*** Opening PROVIDED DATA ***

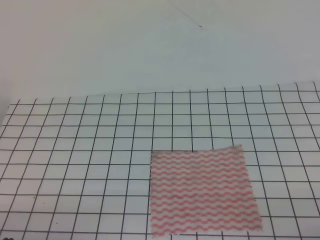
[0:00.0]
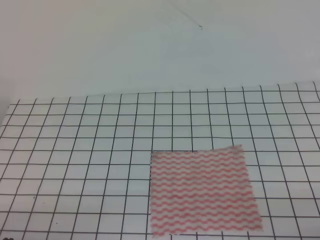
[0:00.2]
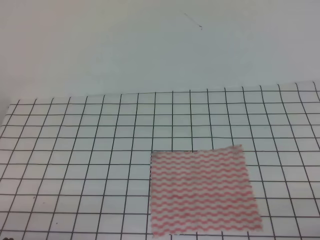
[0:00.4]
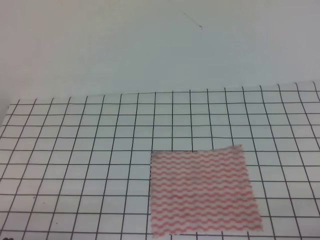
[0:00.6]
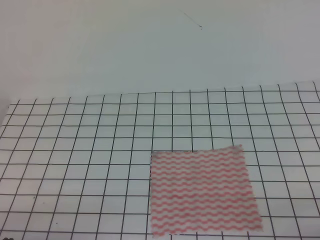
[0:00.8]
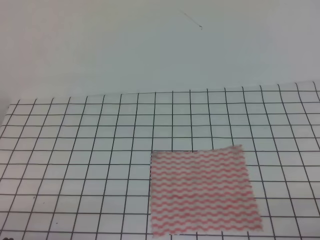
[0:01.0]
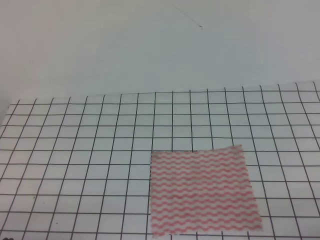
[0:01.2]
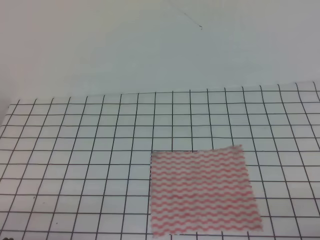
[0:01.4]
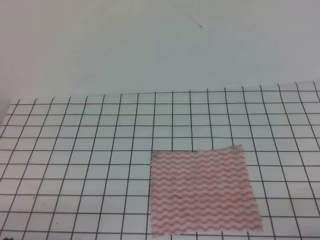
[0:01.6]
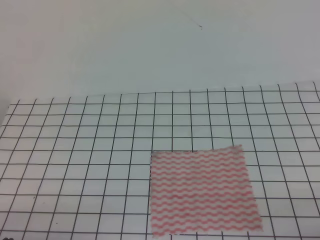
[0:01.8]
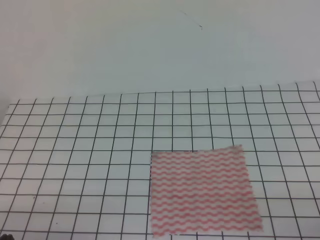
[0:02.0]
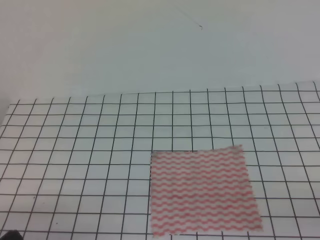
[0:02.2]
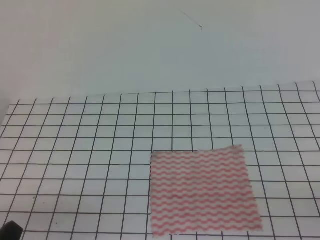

*** Closing PROVIDED DATA ***

[PROBLEM DESCRIPTION]: Go through the entries and retype each one exactly, skipping any image.

[SOLVED EXERCISE]:
[0:00.0]
[0:00.2]
[0:00.4]
[0:00.6]
[0:00.8]
[0:01.0]
[0:01.2]
[0:01.4]
[0:01.6]
[0:01.8]
[0:02.0]
[0:02.2]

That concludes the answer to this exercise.